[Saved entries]
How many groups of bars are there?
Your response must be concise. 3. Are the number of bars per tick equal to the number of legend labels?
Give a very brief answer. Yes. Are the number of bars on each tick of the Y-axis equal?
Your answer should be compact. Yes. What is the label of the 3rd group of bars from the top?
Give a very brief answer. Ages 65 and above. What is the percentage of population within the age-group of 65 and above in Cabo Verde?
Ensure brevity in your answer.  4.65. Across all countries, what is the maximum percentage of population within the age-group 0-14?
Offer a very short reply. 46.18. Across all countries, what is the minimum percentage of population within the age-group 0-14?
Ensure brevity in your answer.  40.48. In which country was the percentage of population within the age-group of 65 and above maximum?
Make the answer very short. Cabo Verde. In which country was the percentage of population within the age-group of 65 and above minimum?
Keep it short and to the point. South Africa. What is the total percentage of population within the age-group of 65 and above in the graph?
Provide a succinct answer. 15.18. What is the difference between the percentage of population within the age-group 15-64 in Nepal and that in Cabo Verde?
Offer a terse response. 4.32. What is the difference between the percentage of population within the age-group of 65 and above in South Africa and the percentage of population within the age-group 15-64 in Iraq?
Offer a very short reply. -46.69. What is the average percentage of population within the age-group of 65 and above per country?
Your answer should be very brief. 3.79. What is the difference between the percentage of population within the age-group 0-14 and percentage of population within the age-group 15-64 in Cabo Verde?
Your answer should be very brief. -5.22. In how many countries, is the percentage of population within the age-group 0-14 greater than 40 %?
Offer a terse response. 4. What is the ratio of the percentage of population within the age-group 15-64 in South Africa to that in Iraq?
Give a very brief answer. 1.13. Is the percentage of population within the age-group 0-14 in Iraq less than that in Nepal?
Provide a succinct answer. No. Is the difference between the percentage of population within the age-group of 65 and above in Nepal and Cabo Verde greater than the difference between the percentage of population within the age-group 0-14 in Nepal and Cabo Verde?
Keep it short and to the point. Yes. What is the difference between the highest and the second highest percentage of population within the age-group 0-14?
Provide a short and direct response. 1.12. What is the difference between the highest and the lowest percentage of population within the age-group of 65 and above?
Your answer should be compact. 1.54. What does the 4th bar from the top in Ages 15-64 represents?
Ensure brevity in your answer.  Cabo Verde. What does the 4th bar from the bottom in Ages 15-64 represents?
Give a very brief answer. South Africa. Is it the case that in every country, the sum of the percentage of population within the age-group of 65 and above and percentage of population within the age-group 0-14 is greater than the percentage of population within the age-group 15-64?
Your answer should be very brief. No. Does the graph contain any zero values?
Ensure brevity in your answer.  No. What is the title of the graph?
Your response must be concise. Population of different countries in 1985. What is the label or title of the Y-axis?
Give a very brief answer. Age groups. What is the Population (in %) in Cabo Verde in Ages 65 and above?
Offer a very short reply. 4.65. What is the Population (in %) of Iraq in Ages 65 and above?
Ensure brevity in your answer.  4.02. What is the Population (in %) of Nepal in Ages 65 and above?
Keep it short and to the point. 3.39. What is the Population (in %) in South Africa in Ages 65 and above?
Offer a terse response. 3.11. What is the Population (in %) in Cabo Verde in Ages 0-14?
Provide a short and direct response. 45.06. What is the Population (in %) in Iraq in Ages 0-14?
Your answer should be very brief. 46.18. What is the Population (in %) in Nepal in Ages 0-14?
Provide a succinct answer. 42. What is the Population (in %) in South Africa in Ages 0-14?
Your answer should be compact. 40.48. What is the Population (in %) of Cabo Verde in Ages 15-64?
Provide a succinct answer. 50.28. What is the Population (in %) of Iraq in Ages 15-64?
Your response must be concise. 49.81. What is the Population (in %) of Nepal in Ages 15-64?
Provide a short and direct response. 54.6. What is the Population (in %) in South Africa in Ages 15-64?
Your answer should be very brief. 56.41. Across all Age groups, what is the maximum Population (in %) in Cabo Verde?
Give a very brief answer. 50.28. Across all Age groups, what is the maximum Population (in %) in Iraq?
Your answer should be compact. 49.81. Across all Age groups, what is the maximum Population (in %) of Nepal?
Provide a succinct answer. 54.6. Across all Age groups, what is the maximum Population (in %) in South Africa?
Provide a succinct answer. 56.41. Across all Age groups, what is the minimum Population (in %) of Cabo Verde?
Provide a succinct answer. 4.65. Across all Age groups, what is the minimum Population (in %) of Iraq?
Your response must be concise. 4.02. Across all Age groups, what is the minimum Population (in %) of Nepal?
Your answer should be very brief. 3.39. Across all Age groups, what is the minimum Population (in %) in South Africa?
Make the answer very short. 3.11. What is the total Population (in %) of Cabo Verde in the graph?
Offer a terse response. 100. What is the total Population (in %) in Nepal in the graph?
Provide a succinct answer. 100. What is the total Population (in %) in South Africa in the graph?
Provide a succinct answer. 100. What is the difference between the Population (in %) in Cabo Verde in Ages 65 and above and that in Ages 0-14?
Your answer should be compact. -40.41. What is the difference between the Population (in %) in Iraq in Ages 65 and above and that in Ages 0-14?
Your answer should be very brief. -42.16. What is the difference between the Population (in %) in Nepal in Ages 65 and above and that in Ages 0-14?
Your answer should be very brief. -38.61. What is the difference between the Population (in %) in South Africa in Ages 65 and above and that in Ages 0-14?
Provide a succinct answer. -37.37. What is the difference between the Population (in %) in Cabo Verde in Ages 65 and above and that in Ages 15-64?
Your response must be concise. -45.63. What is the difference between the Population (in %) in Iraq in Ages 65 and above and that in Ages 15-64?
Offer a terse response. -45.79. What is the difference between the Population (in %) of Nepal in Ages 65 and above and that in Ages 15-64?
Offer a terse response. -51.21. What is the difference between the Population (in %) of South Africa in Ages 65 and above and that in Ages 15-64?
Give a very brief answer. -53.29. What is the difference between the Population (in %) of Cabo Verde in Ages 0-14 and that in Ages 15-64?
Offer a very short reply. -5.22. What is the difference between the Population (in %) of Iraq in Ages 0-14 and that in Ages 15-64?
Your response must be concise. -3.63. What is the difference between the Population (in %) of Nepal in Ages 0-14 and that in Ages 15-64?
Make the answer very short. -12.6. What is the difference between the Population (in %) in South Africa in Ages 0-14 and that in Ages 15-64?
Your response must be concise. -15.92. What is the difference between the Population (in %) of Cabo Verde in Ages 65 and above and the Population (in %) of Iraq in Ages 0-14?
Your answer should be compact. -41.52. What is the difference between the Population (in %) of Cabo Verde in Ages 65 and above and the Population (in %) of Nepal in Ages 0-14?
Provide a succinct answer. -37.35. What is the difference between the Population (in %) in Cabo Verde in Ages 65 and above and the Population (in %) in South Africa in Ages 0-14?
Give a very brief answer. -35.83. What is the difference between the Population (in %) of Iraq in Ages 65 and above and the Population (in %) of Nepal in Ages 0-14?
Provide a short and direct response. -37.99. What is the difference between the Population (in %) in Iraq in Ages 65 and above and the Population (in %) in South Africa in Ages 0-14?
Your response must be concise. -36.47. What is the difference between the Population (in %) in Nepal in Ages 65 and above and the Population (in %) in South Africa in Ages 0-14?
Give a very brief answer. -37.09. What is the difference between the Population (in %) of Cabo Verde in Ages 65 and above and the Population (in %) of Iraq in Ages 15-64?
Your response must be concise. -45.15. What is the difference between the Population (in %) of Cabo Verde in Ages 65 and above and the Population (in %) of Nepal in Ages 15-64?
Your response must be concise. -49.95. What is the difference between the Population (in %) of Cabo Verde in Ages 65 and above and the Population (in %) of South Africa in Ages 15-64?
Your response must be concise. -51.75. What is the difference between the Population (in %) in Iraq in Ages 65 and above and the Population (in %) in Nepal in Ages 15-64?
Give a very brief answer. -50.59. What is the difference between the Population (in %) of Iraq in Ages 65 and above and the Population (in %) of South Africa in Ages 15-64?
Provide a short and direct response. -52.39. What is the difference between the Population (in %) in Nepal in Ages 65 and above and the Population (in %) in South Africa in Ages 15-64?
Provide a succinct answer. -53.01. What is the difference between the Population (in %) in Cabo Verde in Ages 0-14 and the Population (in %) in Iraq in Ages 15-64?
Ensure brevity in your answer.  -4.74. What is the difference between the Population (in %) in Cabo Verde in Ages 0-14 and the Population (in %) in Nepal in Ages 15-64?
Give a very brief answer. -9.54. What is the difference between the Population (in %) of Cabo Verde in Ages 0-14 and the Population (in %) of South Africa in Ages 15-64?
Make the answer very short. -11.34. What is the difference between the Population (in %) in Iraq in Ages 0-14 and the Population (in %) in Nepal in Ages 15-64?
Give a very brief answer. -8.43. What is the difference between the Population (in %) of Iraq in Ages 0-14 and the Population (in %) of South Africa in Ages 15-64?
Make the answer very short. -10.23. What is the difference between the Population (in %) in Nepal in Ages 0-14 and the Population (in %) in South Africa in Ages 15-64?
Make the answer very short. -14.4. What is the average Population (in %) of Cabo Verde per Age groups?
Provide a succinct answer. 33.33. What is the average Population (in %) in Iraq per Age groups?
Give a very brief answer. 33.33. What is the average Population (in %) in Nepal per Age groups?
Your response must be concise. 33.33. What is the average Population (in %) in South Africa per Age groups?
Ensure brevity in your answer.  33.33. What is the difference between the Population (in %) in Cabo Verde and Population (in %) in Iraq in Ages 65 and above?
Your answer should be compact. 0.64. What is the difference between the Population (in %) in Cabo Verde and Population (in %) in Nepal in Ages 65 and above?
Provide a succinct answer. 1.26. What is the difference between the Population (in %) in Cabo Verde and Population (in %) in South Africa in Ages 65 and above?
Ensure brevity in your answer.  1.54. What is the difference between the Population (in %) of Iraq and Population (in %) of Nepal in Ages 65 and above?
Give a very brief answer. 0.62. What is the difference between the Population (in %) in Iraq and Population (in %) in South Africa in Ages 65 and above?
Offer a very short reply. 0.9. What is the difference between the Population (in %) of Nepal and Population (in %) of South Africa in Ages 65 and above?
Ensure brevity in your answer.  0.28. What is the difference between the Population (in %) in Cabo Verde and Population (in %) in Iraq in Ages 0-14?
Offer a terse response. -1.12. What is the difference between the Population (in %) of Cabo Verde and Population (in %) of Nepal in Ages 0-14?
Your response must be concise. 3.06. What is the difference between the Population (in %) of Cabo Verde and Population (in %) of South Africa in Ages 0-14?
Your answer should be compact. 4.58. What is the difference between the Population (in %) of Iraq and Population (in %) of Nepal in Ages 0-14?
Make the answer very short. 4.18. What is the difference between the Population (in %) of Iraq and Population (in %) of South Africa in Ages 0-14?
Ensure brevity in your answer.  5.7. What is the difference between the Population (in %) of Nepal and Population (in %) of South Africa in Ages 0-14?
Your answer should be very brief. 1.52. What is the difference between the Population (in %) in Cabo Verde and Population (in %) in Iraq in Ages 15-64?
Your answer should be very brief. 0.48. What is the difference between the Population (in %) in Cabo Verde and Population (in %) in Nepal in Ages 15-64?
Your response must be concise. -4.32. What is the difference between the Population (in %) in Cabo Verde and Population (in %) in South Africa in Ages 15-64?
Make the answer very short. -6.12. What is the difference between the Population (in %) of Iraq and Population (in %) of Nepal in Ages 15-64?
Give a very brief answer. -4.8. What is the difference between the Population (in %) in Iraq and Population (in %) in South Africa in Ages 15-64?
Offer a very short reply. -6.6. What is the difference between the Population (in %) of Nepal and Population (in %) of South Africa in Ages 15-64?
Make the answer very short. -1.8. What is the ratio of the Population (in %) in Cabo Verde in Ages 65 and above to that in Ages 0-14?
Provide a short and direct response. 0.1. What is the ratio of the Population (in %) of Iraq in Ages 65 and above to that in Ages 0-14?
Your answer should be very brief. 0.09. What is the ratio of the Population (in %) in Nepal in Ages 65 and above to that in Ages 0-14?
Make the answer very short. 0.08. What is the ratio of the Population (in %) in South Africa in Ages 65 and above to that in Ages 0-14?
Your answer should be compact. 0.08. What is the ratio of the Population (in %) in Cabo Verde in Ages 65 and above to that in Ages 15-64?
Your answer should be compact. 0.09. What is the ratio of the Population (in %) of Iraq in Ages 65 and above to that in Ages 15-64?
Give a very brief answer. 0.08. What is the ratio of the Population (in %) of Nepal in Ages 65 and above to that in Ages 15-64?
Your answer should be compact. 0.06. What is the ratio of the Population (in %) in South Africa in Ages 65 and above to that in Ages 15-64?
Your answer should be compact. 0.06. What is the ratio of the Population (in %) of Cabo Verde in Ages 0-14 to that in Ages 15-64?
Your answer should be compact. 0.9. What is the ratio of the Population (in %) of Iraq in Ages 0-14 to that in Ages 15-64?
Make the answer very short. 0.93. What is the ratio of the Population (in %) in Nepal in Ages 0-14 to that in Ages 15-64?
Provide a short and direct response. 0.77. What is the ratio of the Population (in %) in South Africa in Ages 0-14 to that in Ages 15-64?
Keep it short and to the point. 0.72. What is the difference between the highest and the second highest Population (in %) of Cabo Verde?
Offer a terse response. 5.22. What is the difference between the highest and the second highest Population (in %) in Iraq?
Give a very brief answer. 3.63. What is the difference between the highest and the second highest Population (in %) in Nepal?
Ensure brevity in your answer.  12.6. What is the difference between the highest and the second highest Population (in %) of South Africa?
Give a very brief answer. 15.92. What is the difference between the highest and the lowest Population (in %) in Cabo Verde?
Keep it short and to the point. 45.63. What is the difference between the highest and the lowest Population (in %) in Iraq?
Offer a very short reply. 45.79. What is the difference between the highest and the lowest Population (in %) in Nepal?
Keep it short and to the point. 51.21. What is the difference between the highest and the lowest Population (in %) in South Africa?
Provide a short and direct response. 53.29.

▸ **Work item**
Retype only this portion of the data above: the line containing "Provide a short and direct response. 1.12.", the line containing "Provide a succinct answer. 42.", and all lines between them, exactly.

▸ **Exercise solution**
Provide a short and direct response. 1.12. What is the difference between the highest and the lowest percentage of population within the age-group of 65 and above?
Your answer should be compact. 1.54. What does the 4th bar from the top in Ages 15-64 represents?
Ensure brevity in your answer.  Cabo Verde. What does the 4th bar from the bottom in Ages 15-64 represents?
Give a very brief answer. South Africa. Is it the case that in every country, the sum of the percentage of population within the age-group of 65 and above and percentage of population within the age-group 0-14 is greater than the percentage of population within the age-group 15-64?
Your answer should be very brief. No. Does the graph contain any zero values?
Ensure brevity in your answer.  No. What is the title of the graph?
Your response must be concise. Population of different countries in 1985. What is the label or title of the Y-axis?
Give a very brief answer. Age groups. What is the Population (in %) in Cabo Verde in Ages 65 and above?
Offer a very short reply. 4.65. What is the Population (in %) of Iraq in Ages 65 and above?
Ensure brevity in your answer.  4.02. What is the Population (in %) of Nepal in Ages 65 and above?
Keep it short and to the point. 3.39. What is the Population (in %) in South Africa in Ages 65 and above?
Offer a terse response. 3.11. What is the Population (in %) in Cabo Verde in Ages 0-14?
Provide a short and direct response. 45.06. What is the Population (in %) in Iraq in Ages 0-14?
Your answer should be very brief. 46.18. What is the Population (in %) in Nepal in Ages 0-14?
Provide a succinct answer. 42. What is the Population (in %) in South Africa in Ages 0-14?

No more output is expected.